> _EXERCISE INSTRUCTIONS_: Write every record out again exactly, and keep images out of it.

> _DATASET RECORDS_:
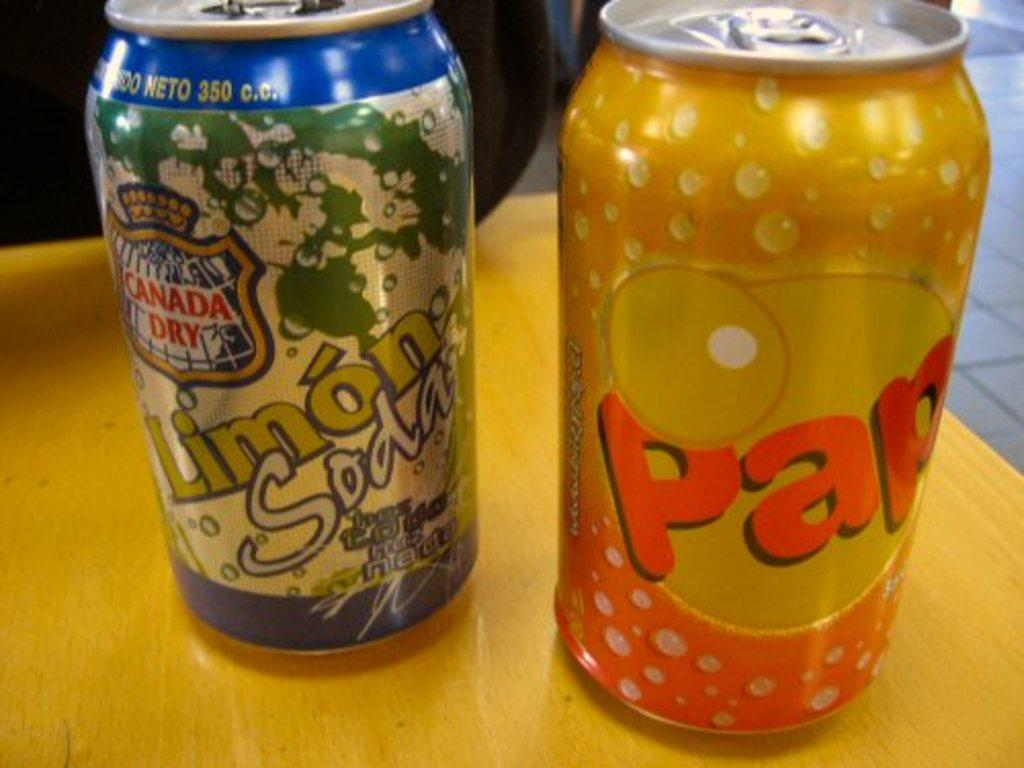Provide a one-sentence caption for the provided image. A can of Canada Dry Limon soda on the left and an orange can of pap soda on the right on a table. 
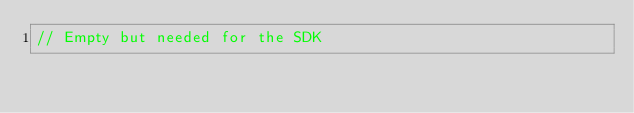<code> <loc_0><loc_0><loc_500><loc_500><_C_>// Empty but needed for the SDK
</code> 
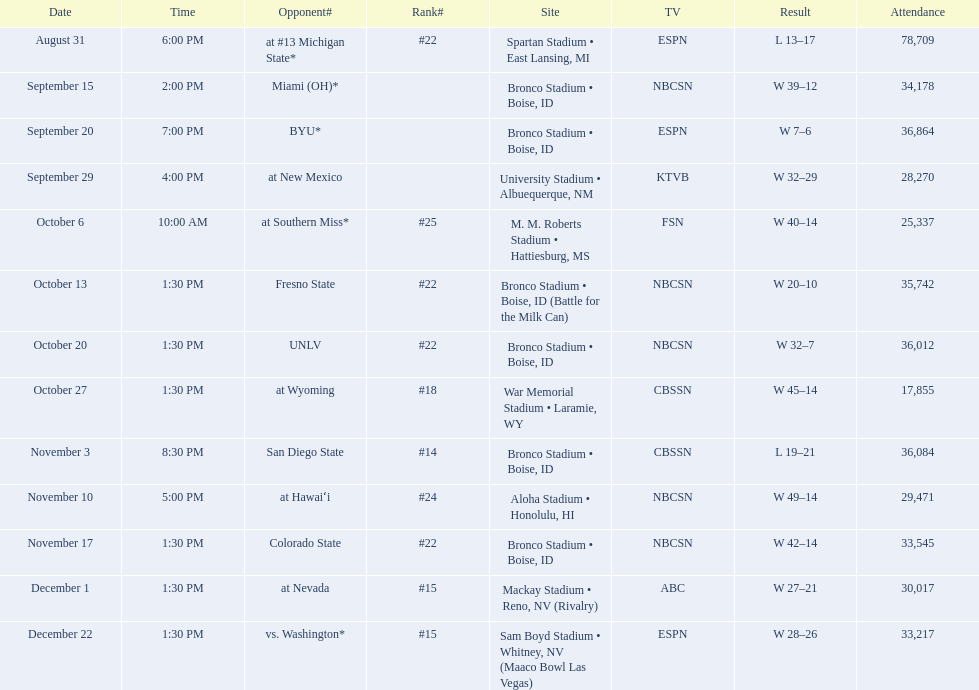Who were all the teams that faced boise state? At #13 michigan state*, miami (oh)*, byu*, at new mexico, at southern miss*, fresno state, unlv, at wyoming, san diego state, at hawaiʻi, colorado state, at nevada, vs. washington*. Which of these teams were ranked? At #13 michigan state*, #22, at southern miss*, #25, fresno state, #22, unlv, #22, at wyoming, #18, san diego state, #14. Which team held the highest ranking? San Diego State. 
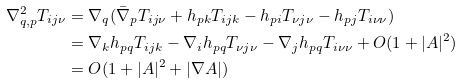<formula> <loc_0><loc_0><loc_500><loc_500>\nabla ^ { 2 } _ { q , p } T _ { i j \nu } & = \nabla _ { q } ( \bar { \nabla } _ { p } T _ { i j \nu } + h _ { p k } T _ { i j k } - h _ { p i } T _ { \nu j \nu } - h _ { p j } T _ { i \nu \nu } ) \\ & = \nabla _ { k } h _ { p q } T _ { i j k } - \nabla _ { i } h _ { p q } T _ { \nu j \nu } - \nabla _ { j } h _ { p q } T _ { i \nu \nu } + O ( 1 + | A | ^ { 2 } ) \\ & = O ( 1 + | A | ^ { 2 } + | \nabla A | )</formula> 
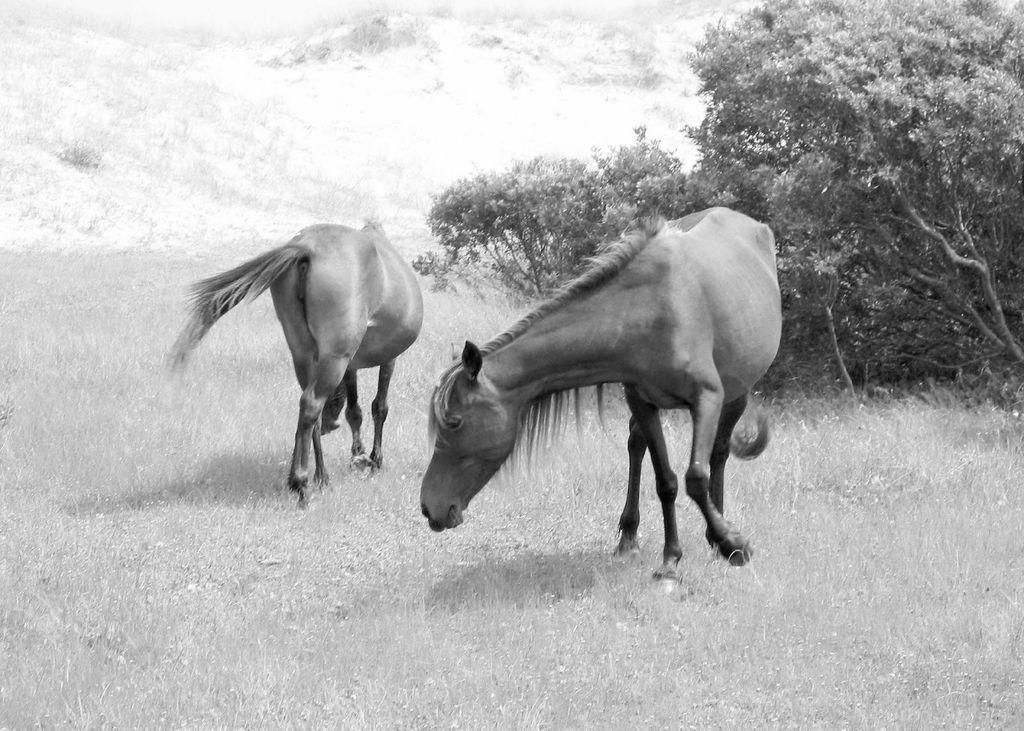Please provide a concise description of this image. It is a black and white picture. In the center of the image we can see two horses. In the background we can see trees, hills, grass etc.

> _EXPECTED OUTPUT_:
Provide a one-sentence caption for the provided image. A can of Canada Dry Limon soda on the left and an orange can of pap soda on the right on a table. 
<code> <loc_0><loc_0><loc_500><loc_500><_C_>// Empty but needed for the SDK
</code> 
Who were all the teams that faced boise state? At #13 michigan state*, miami (oh)*, byu*, at new mexico, at southern miss*, fresno state, unlv, at wyoming, san diego state, at hawaiʻi, colorado state, at nevada, vs. washington*. Which of these teams were ranked? At #13 michigan state*, #22, at southern miss*, #25, fresno state, #22, unlv, #22, at wyoming, #18, san diego state, #14. Which team held the highest ranking? San Diego State. 
<formula> <loc_0><loc_0><loc_500><loc_500>\nabla ^ { 2 } _ { q , p } T _ { i j \nu } & = \nabla _ { q } ( \bar { \nabla } _ { p } T _ { i j \nu } + h _ { p k } T _ { i j k } - h _ { p i } T _ { \nu j \nu } - h _ { p j } T _ { i \nu \nu } ) \\ & = \nabla _ { k } h _ { p q } T _ { i j k } - \nabla _ { i } h _ { p q } T _ { \nu j \nu } - \nabla _ { j } h _ { p q } T _ { i \nu \nu } + O ( 1 + | A | ^ { 2 } ) \\ & = O ( 1 + | A | ^ { 2 } + | \nabla A | )</formula> 
Please provide a concise description of this image. It is a black and white picture. In the center of the image we can see two horses. In the background we can see trees, hills, grass etc.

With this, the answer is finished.